Integrating ESG Issues in China’s Top-Down Economy
Why does this distinction matter for investors? Because once we acknowledge the systemic difference between a Chinese government-owned power plant and a private plant, we can ask the right questions about how companies fit into China’s carbon-neutrality plans. Beyond the example above, the SOE framework is found in many other areas and industries that will participate in China’s green reforms.
Investors must realize that much of the impetus for environmental efforts in China comes from a top-down approach that starts with its political leadership. As a result, analyzing the green credentials of Chinese companies requires a different ESG approach than investors typically apply to Western companies.
For example, consider corporate governance. Standard ESG ratings tend to give Chinese SOE companies low scores on governance. Most boards aren’t composed of 50% independent directors. Compensation isn’t usually disclosed. Related-party transactions—because of the SOE ecosystem—are commonplace.
Government control of companies also means that top-down policy changes on environmental issues can have a profound effect on business decisions. We believe that China is serious about the long-term need to address climate change because its own economy and population will benefit. Listening closely to the policy noises in China can provide important clues about how companies will behave.
Investors can discover how this is playing out by engaging with company management teams. AB’s China Equities team has found that SOEs are often more comfortable talking about climate goals than private companies are. Private companies in China are also subject to a degree of government influence (a relationship that has fluctuated over time), yet they are driven by profit motives similar to those of their Western peers. Some have not yet embraced the idea that going green is good for shareholders.
Engaging with Management: SOEs Are Listening
As active managers, AB’s China Equity team routinely engages with company management. These efforts help us gain insight on a company’s ESG commitment, behavior and impact on the business. In part, given the weight of the government shareholder, it’s harder to influence the managements of Chinese SOEs than publicly traded Western peers’. However, private investors (both equity and debt) do have a role to play.
First, Chinese SOEs—and their government shareholders—are generally keen to attract foreign investment and increase their share prices; they want to hear what shareholders have to say. Second, in the Chinese corporate and finance system, SOEs are meant to be responsive to capital markets where possible; this includes considering international private capital as a prospective source of funding. Third, engaging with management can help investors learn which companies are more conscious of ESG issues in their operations and how to distinguish between good and bad ESG actors.
Through these engagements, AB has discovered that responsible companies don’t neatly align with the SOE or non-SOE labels, or with the preconception that SOEs might be laggards on ESG issues. For example, we recently engaged with one very large, privately held technology company and found that it was far behind the curve, devoting few resources to ESG.

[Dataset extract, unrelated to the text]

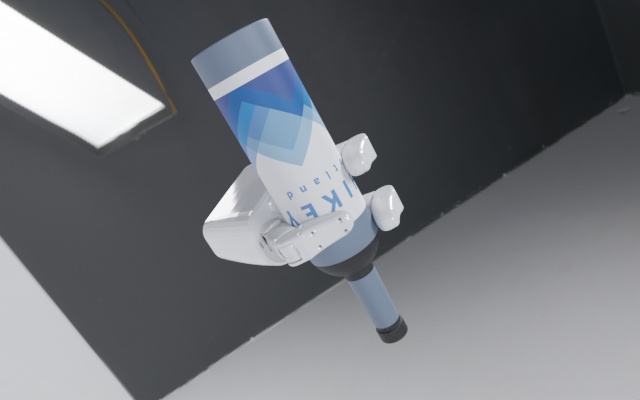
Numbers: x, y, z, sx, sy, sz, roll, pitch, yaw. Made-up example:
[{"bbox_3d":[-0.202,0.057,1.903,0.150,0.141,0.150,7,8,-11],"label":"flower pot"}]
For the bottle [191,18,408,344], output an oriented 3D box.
[{"bbox_3d":[0.000,0.001,0.403,0.069,0.296,0.069,-27,17,9],"label":"bottle"}]

In contrast, China Yangtze Power, a large SOE, is quite proactive on sustainability issues. The company is best-known for its Three Gorges Dam, the world’s largest hydroelectric power–generating facility. In our conversations with management, we discovered that even though the company is a hydroelectric generator, it produces CO2 emissions and is working on plans to improve transparency and disclosures on environmental issues. The company has also taken significant biodiversity initiatives, including the establishment of an institute to help protect Chinese river sturgeons. Though China Yangtze is an SOE, it is attuned to investors’ ESG concerns and, of course, reputational issues for itself and its shareholder, the government.
Companies like these are vital to China’s decarbonization efforts. They also offer investors a window into how the government will navigate decarbonization challenges over time. While the government has pledged to combat climate change, it’s balancing a precarious macroeconomic agenda and the need to foster domestic GDP growth, so there will be ebbs and tides in policy implementation.
Can the Climate Agenda Succeed?
Success, in particular within the broader international capital market context, will depend on several factors. First, investors and energy policymakers must acknowledge that China’s economic structure warrants a different approach. Free-market incentives such as emissions-trading systems and carbon taxes are less effective at delivering results in China, in our view.
Second, China needs a climate policy toolkit that is appropriate for its reality. Shadow carbon pricing, for example, which incorporates environmental costs into the analysis of energy and industrial projects, is well suited to SOEs that need to navigate the broad economic goals of their government shareholder with their own corporate-level financial objectives and could help persuade decision-makers to opt for green projects.
Third, more research is needed in areas such as the impact of growing affluence on energy and emissions and, by extension, on SOEs that have remained critical strategic actors in the government’s economic growth strategy. This in turn has implications on how SOEs can finance their low-carbon transition. Gauging the true costs of power and stranded-assets risk can also support sound green decision-making by government owners.
With the right policy guidance and financing, we believe that SOEs can help China make progress on the road to carbon neutrality. Investors who apply an ESG mindset and independent research to China’s unique circumstances will be able to identify companies driving change that stand to benefit as efforts to combat climate change gather momentum.